● **WHAT TO PRODUCE**
Below are records to print word for word; include none of their pictures.

** Opening MATERIAL TO PROCESS block **

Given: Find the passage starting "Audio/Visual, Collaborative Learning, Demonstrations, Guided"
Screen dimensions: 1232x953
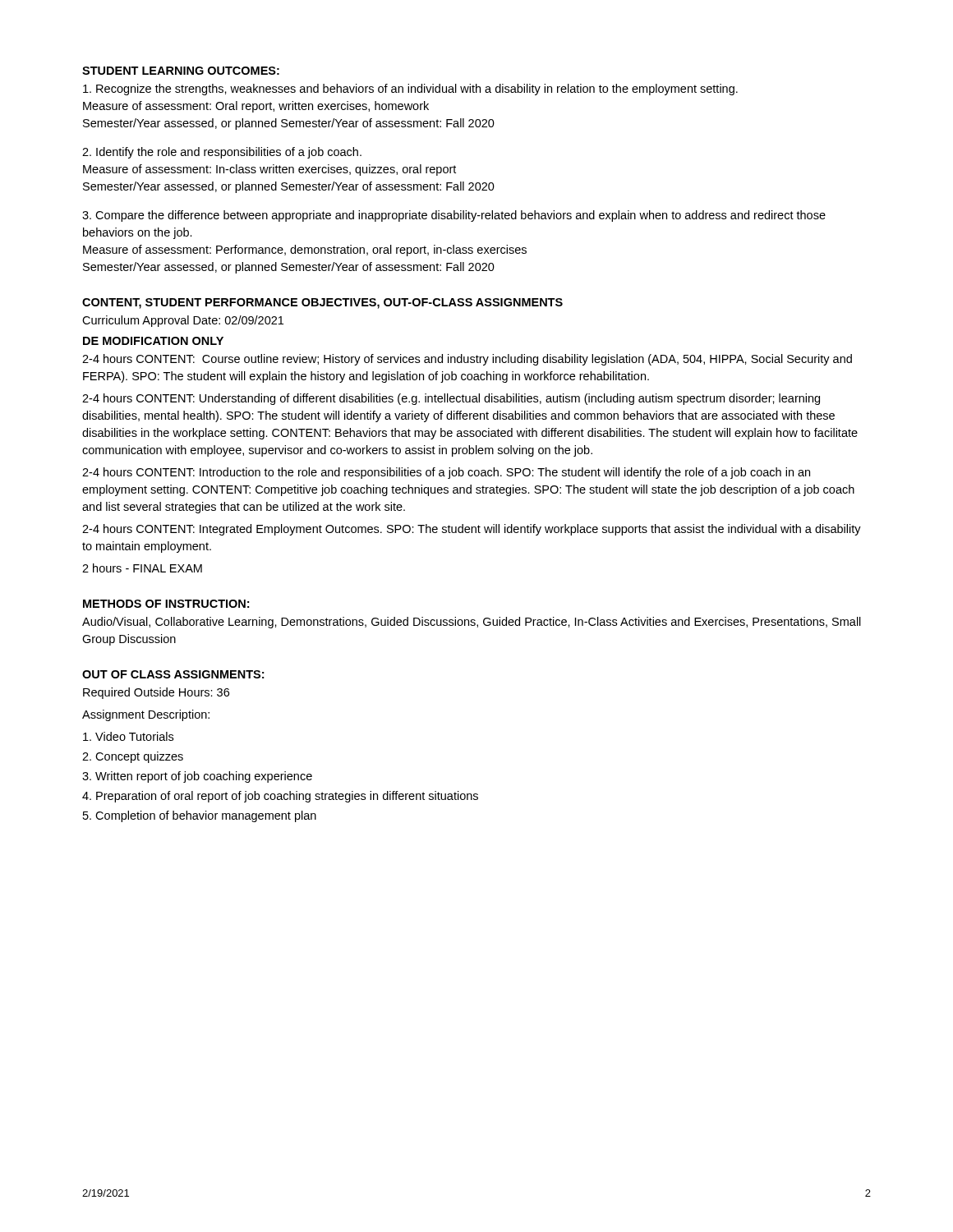Looking at the screenshot, I should click(x=472, y=631).
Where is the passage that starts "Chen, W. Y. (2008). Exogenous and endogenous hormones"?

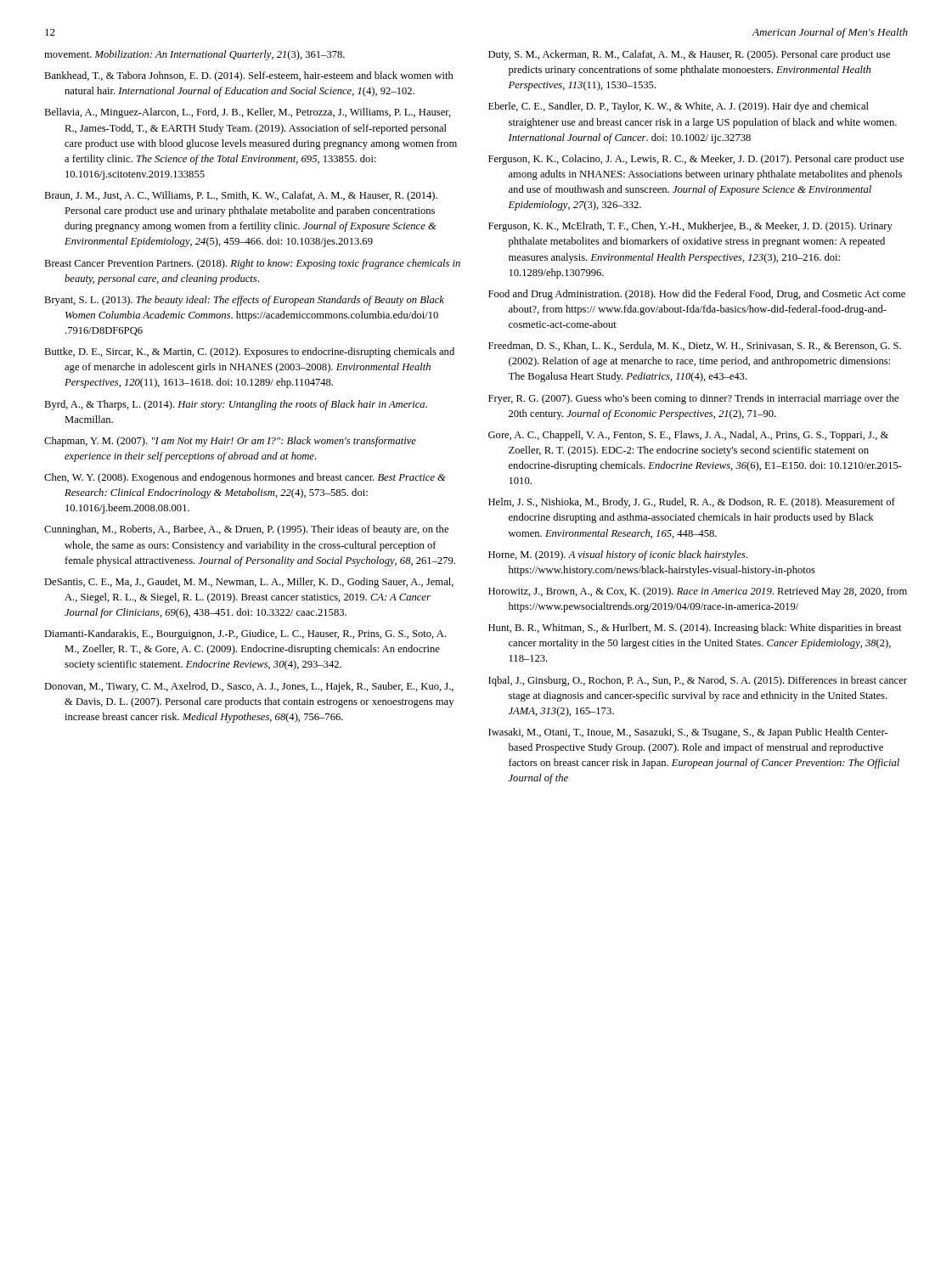coord(245,493)
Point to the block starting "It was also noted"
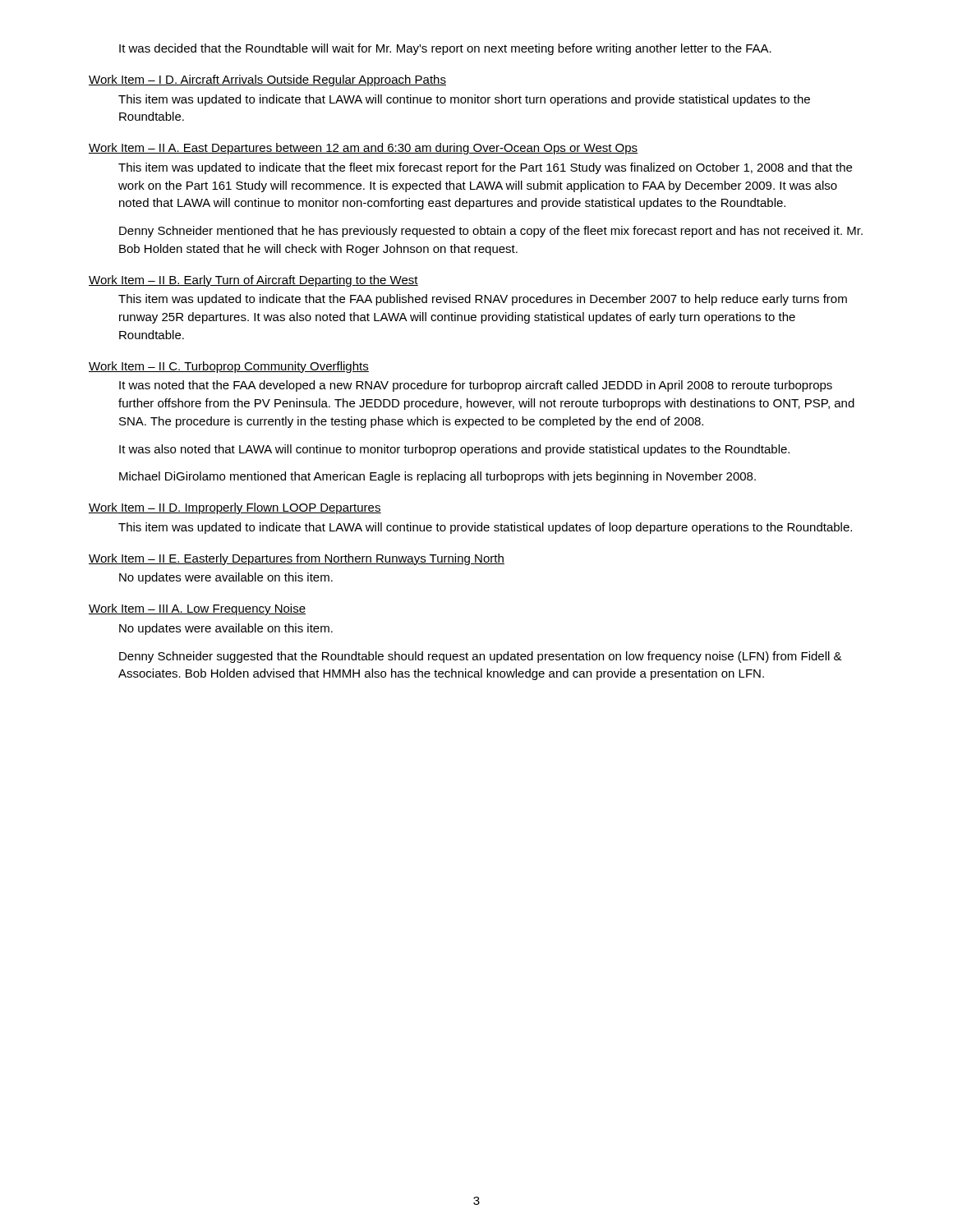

** Closing MATERIAL TO PROCESS block **

● **ANSWER FOR THE TASK**
Given: Find the passage starting "Audio/Visual, Collaborative Learning, Demonstrations, Guided"
Screen dimensions: 1232x953
Looking at the screenshot, I should click(x=472, y=631).
Where is the passage that starts "Chen, W. Y. (2008). Exogenous and endogenous hormones"?

coord(245,493)
Point to the block starting "It was also noted"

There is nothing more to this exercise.